When we analyse a sample, we want to identify the molecules which are contained in it and maybe also in what amounts. Mass spectrometers are like a balance, only that they can weigh single, individual molecules and identify them based on their sum formula. We can also fragment molecules in a controlled way, and the pieces into which they break are characteristic for the structure so that we can for example assign the correct isomer.
An exciting recent development allows us to use mass spectrometry in combination with a technique called ion mobility, which enables us to look at the shape and size of particles directly – a bit like under a microscope. With this approach the mass, structure and conformation of a molecule can be determined at the same time within one rapid experiment, even from a complex sample.

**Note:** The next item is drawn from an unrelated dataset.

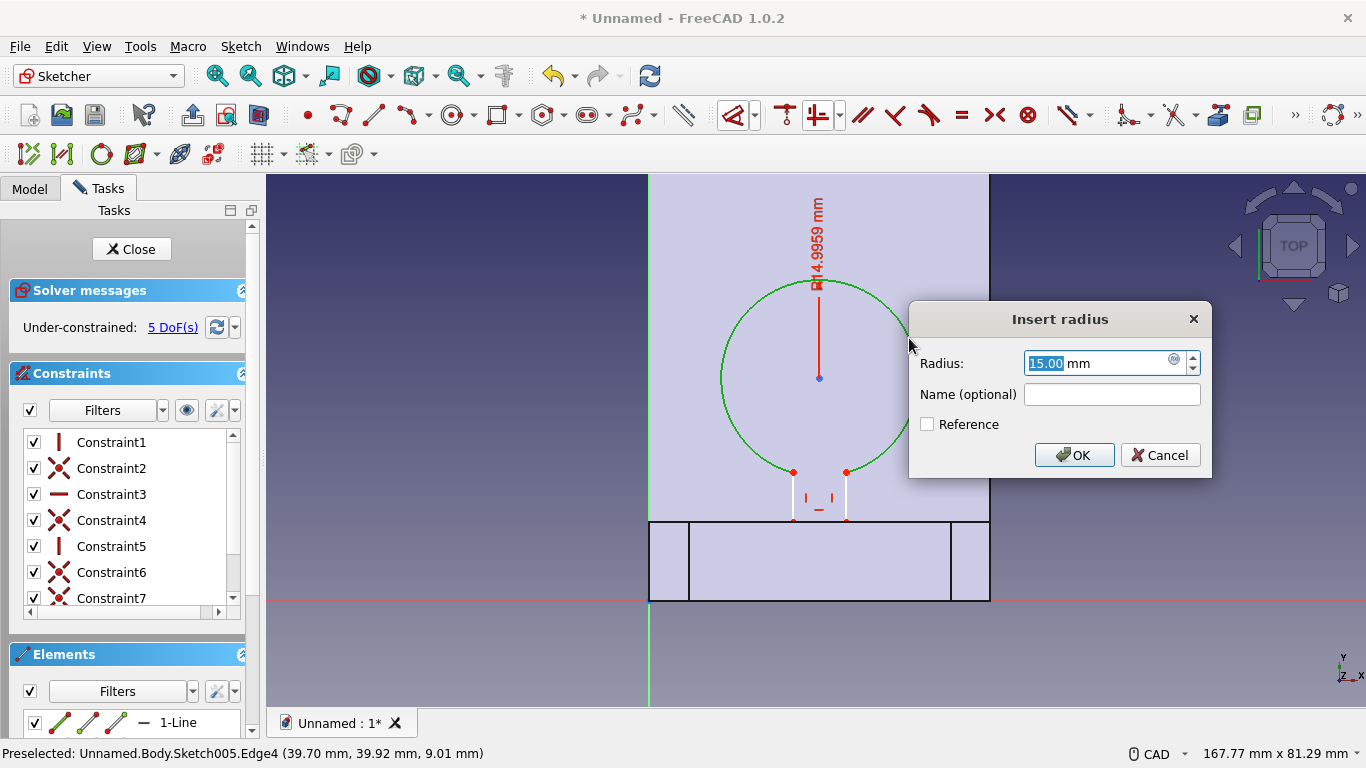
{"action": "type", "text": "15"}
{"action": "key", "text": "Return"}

The samples we study are typically complex organic or biological molecules. We use a solution which contains the molecules of interest, and a technique called electrospray ionisation (ESI) to produce a fine mist of droplets which is introduced into the vacuum of the mass spectrometer. It is possible to keep solutions of biomolecules ‘native’ so that important noncovalent complexes of biological molecules survive the transfer into the gas phase intact and we can study biomolecular structures in that way.

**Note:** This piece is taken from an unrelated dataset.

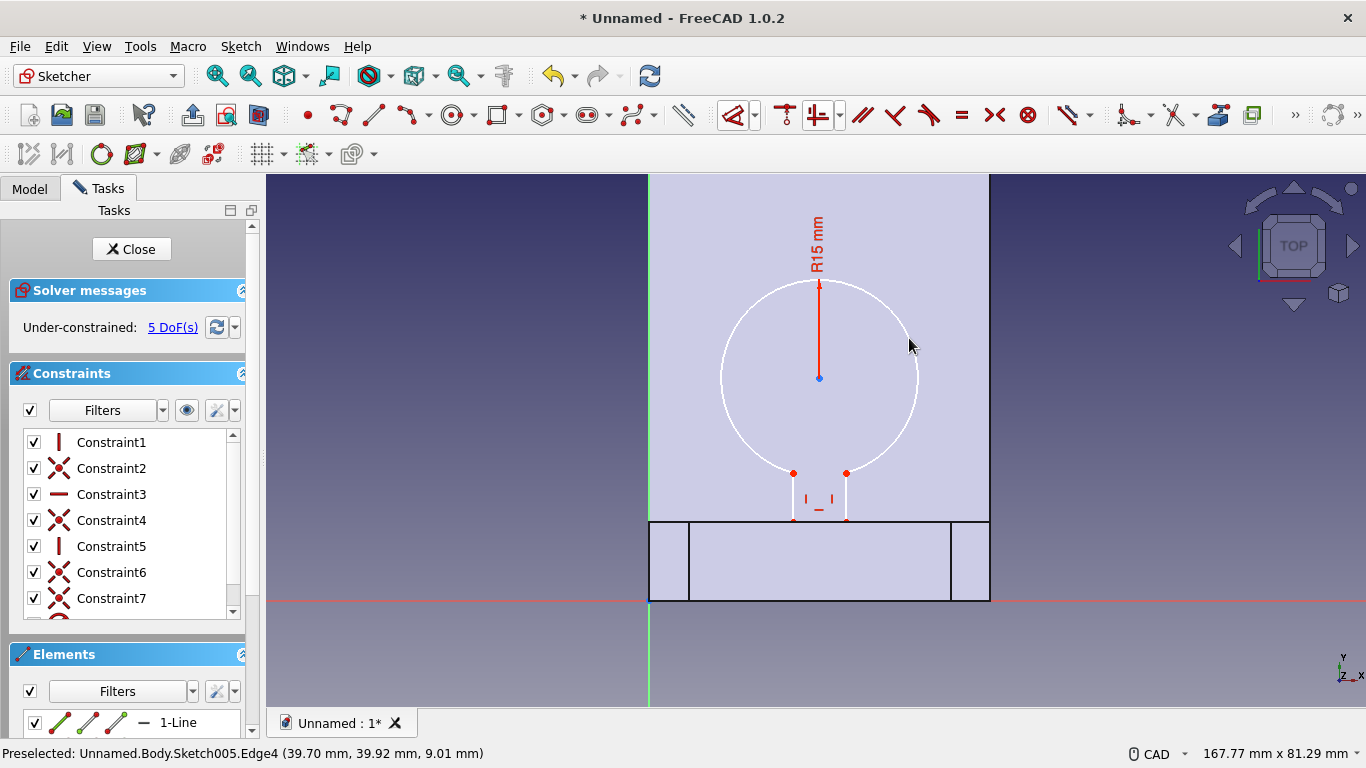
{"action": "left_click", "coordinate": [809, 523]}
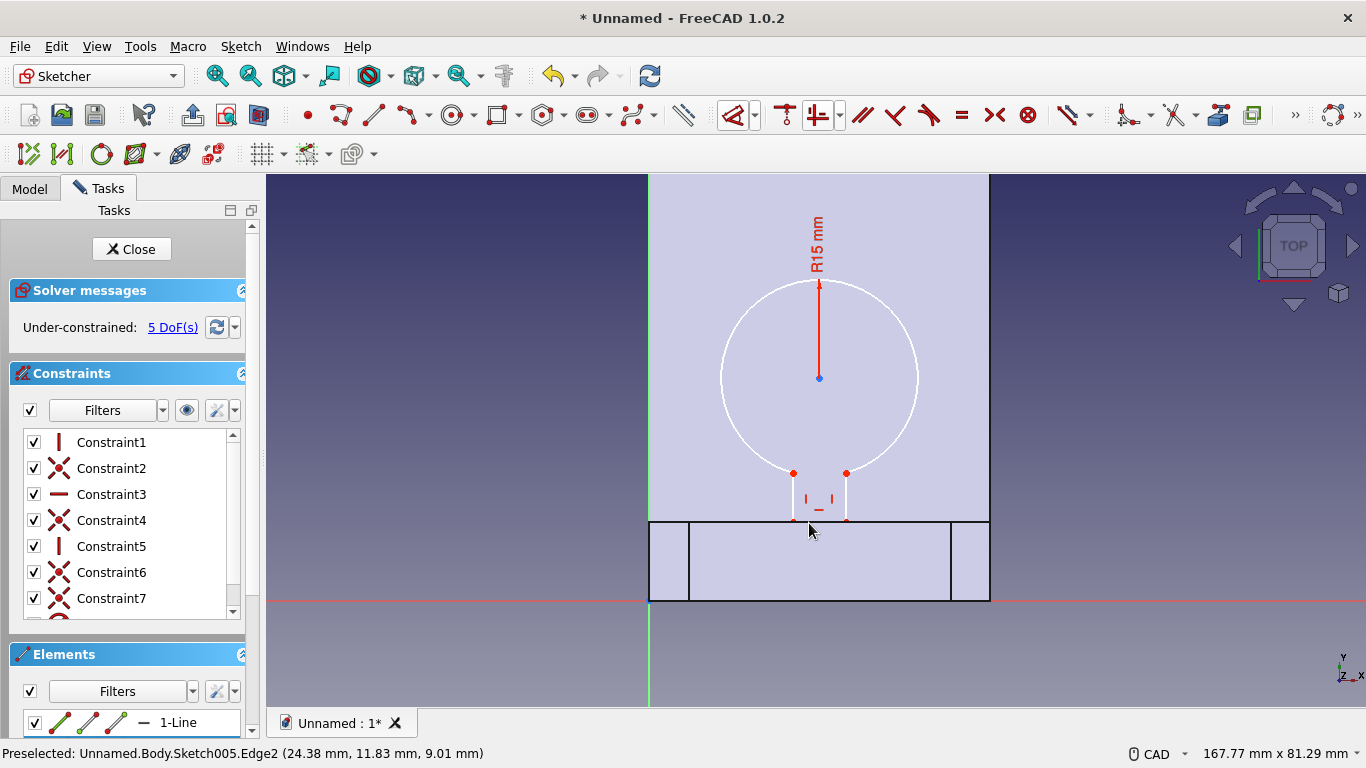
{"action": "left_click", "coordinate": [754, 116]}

You will learn how to make molecules ‘fly’, and how to operate a high-tech instrument used for analysis of complex organic or biological molecules. You will investigate intact protein molecules in the native and denatured state and study their conformational change upon denaturation. You will also analyse the amino acid sequence of the proteins by using controlled fragmentation inside the mass spectrometer, and search for the presence of post-translational modifications. You will use bio-informatics and database searching to identify the protein samples. There is also the opportunity to study your ‘own’ molecules with this technique.